Nothing exposes the confusion at the heart of public policy on job creation and investment strategies quite so well as the Finance Bill, 1993, sponsored by the Minister, the purpose of which was to close loopholes in the tax code, limit exemptions, shut down shelters, restrict allowances and set up a conciliatory tax regime. These were accompanied by modest income tax reductions as distinct from radical tax reform.

This year a tax amnesty was introduced. PAYE taxpayers are extremely angry about this amnesty which also has a demoralising effect on the staff of State Departments and the Revenue Commissioners who strongly advised against the move and who repeatedly asked for additional staff and resources to combat rampant tax evasion. One member of the Government said tax evasion was endemic in Irish society. If it is necessary to appoint people to prevent tax evasion and avoidance that should be done.

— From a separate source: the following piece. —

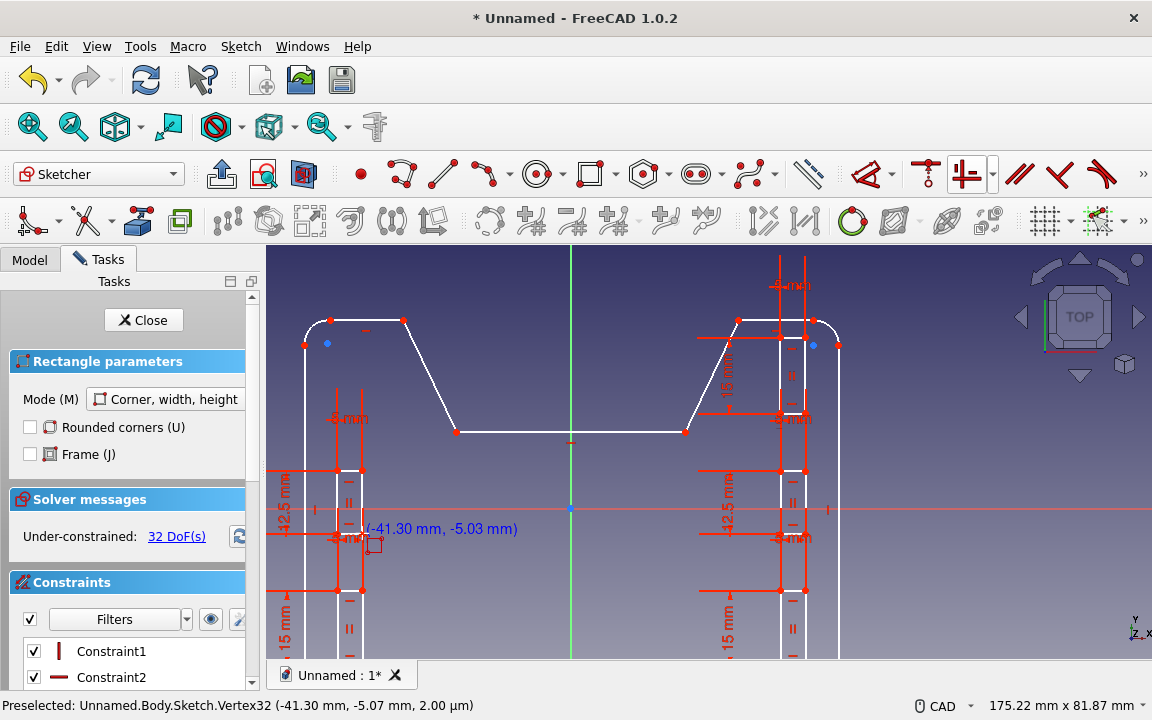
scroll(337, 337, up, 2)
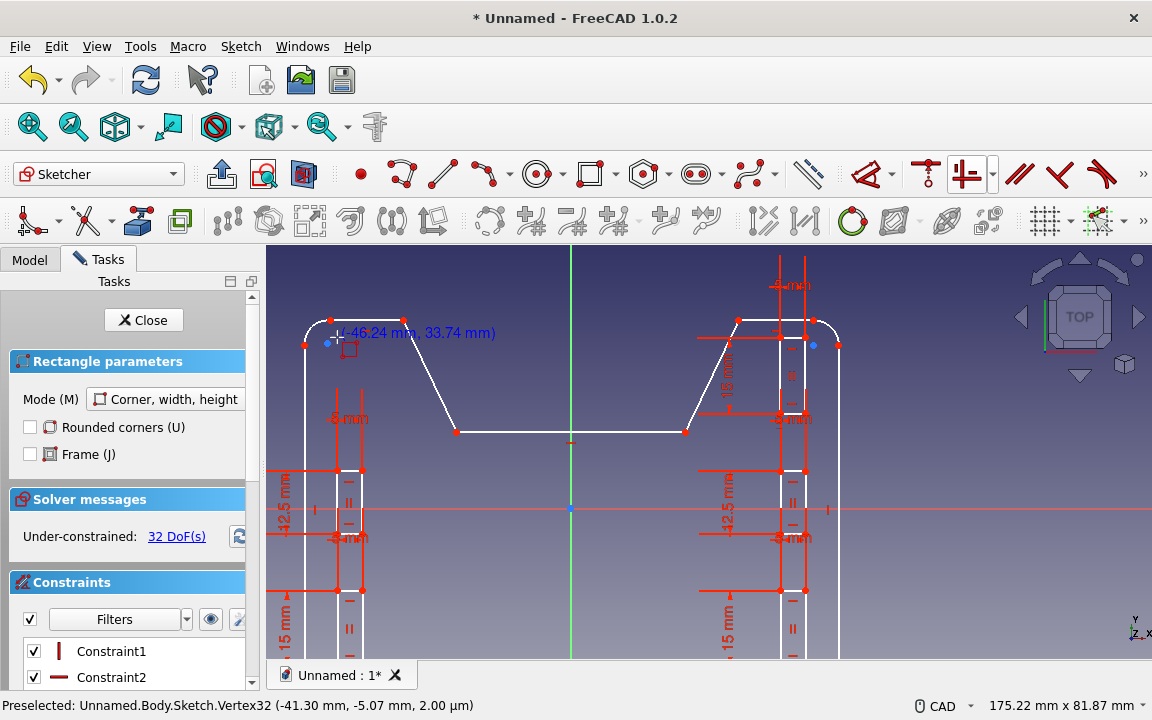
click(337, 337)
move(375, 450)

It will come as no surprise that Fianna Fáil is prepared to excuse the activities of tax offenders. What surprises and shocks me is the fact that Labour members support the amnesty. I am especially surprised Deputy Kemmy is so supportive of the measure. A socialist party backing a tax amnesty while putting a 1 per cent levy on the PAYE sector is difficult to understand.

I will be positive and constructive at this late hour of the evening and focus on what is good or promising in the Bill and make suggestions as to how it can be improved, in this Bill or perhaps in future legislation. I will concentrate on one major issue connected with this Bill and talk about it from the business perspective, responding to something Senator Hillery said earlier. This is the issue of raising capital for Irish companies. I focus on a single issue because everything of a general nature worth saying about this Bill has already been said. However I will be speaking about taxation on Committee Stage..

Why is the question of getting more capital into Irish business so crucial? We must begin with the realisation we have an under-developed appreciation of the need to provide businesses with capital.

We do not fully appreciate why businesses need capital in the first place. A growing business — especially one where technology is changing — needs constant transfusions of capital all the time, generated both from inside the business through retained profits, and from outside the business by attracting investors.

I am not talking about injections of cash just to keep the business going, to pay the bills at the end of the month. This is money for investing in the future of the business, in its capacity to grow and to create more jobs. Our under appreciation of the role capital should play in any business, and of the need for adequate capital in every business, has had a bad effect in both the public and the private sector.

In the public sector, it has given us commercial State companies unable to grow to the extent they could because they are not capitalised properly. The philosophy behind most State companies had been to give loan capital and to starve them of equity. A correctly structured business enterprise has a balance of the two, with most of the development capital coming from equity.

In the private sector, on the other hand, too many businesses are run on a hand-to-mouth basis. As with State companies, many try to run entirely on loan capital, usually from a bank. This is sometimes made worse by the fact that they are often run at such a low level of profitability they cannot generate a healthy proportion of their new capital resources from within the company. That is something every healthy company should be able to do.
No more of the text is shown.